DETAILED DESCRIPTION OF THE INVENTION The present invention relates to an electric power steering mounted on a vehicle. In a conventional electric power steering, for example, a steering wheel 21 is rotatably mounted on a vehicle body as shown in FIG. 6, and the input shaft 1 is fixed to the steering wheel 21 and a steering force transmission gear 20 is attached to the input shaft 1. Is fixed, and a steering gear 16 fixed to a power transmission device 18 of a steering and driving wheel 19 is engaged with the steering force transmission gear 20, and the steering force is transmitted from the steering wheel 21 to the input shaft 1, the steering force transmission gear 20, The structure was such that the power was transmitted to the steering and driving wheels 19 via the steering gear 16 and the power transmission device 18. Further, a servo motor 15 is disposed on the vehicle body, and a steering force transmission gear 20 is provided on an output shaft of the servo motor 15 with a steering / drive wheel 19.
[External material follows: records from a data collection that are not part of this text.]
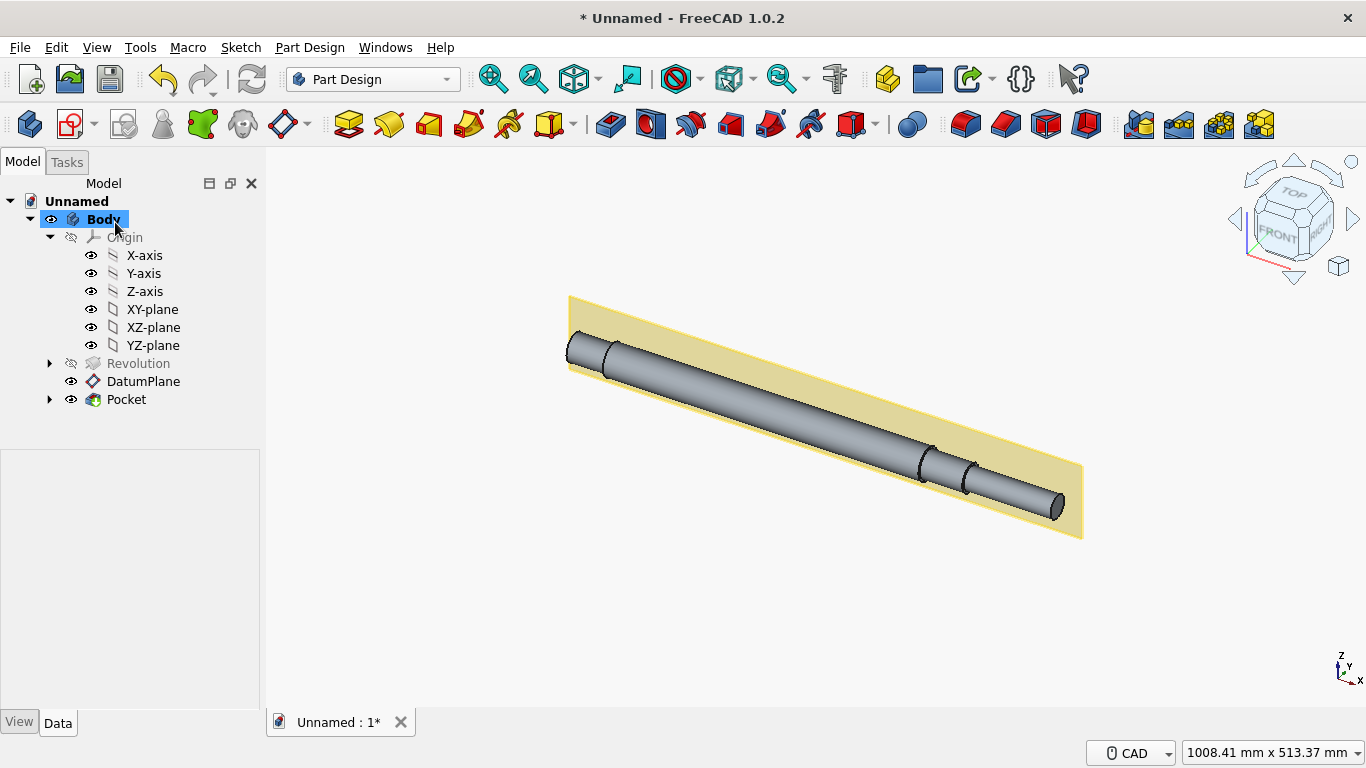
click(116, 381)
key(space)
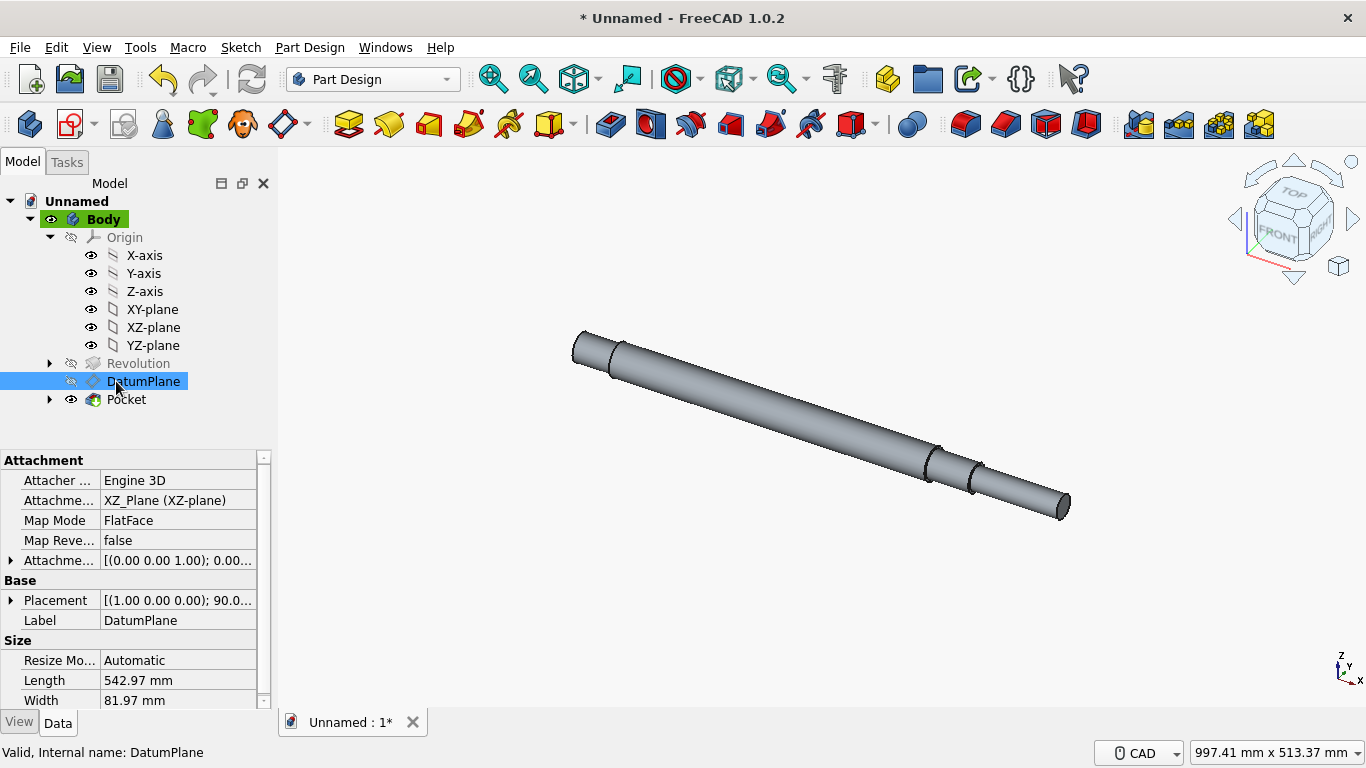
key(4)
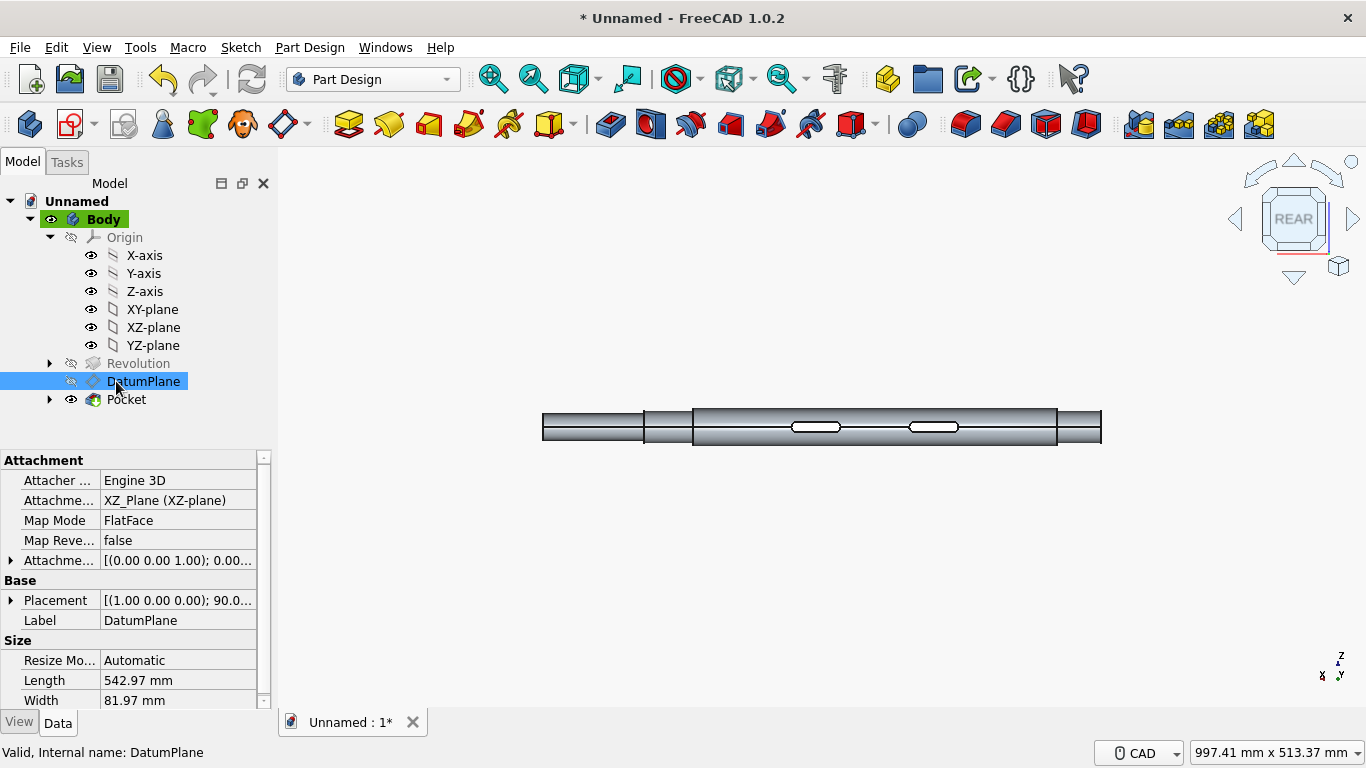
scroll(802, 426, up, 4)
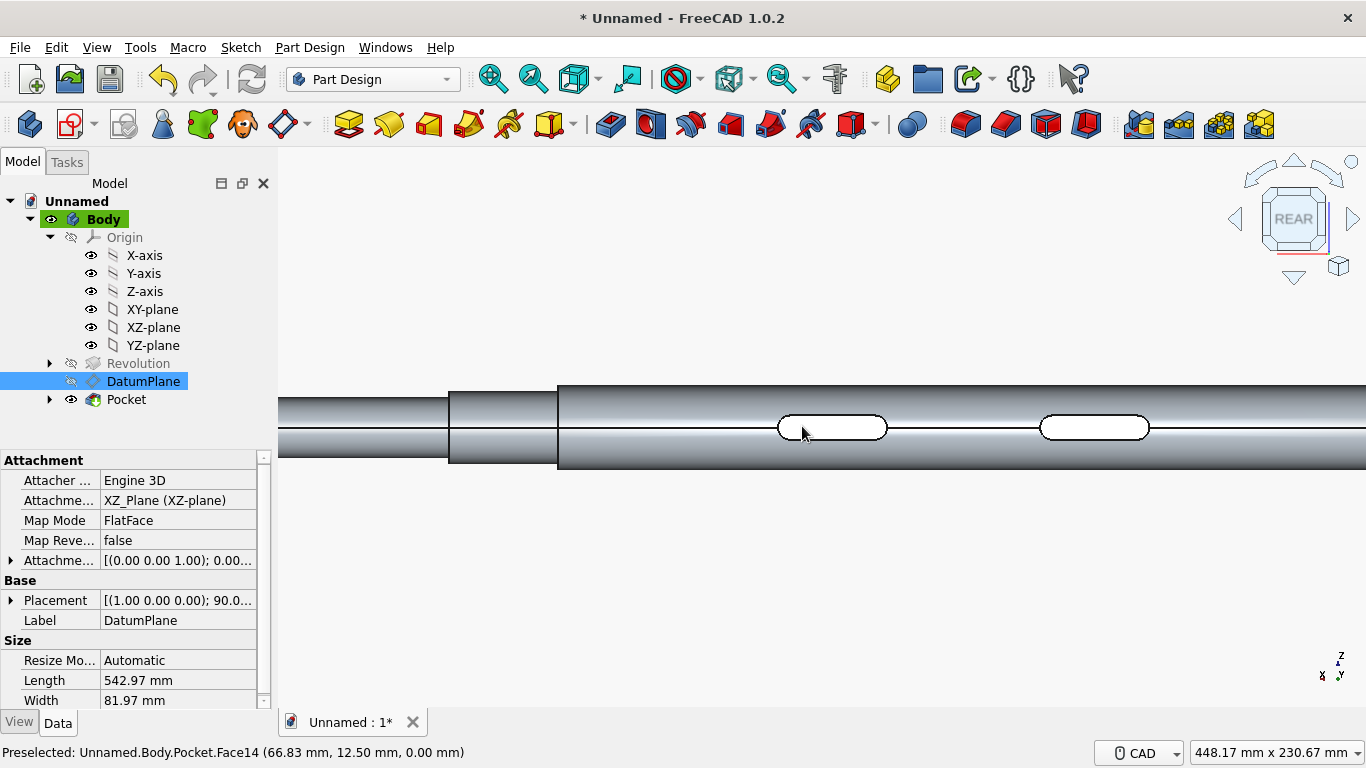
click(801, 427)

And a servo motor 15 according to a detection signal of a torque detector (not shown) fixed to the input shaft 1.
Are driven to assist the steering force via the steering gear 16. As described above, in the conventional electric power steering device, the steering force transmission gear 20 of the input shaft 1 and the steering gear 16 of the power transmission device 18 transmit power at a fixed position. Therefore, when the vehicle travels on a large uneven road surface or a curb on a road shoulder, a phenomenon called kickback in which the steering reaction force is directly transmitted to the steering wheel 21 occurs. twenty one
Accident was hit by the. In the present invention. The input shaft 1 for inputting the steering force is the first rotary power transmission element, the output shaft 2 for outputting the steering force is the fourth rotary power transmission element, the first floating shaft 10 is the second rotary power transmission element, The idler shaft 11 is provided with a third rotary power transmission element, respectively, the first rotary power transmission element and the second rotary power transmission element, the second rotary power transmission element and the third rotary power transmission element, the third rotary power transmission element, The fourth rotary power transmission element is connected to each other, and the input shaft 1 and the first floating shaft 10, the first floating shaft 10 and the second floating shaft 11, and the second floating shaft 11 and the output shaft 2 are connected by a link, A second rotation power transmission element and a third rotation are provided by a link mechanism having the input shaft 1, the output shaft 2, the first floating shaft 10, and the second floating shaft 11 as connection points, and a spring 12 for holding the link at a fixed position. Holding the power transmission element, the second rotary power transmission element surrounds the first rotary power transmission element, Rotating power transmission element is an electric power steering, characterized in that revolves around the fourth rotating power transmission element respectively,
The above problem has been solved. An embodiment of the present invention will be described with reference to the drawings in a first embodiment in which a rotary power transmission element is a gear. FIG. 1 is a plan view of the first embodiment of the present invention, and FIG. FIG. 2 is a front view of the first embodiment. A steering wheel is provided on the input shaft 1 for transmitting the steering force.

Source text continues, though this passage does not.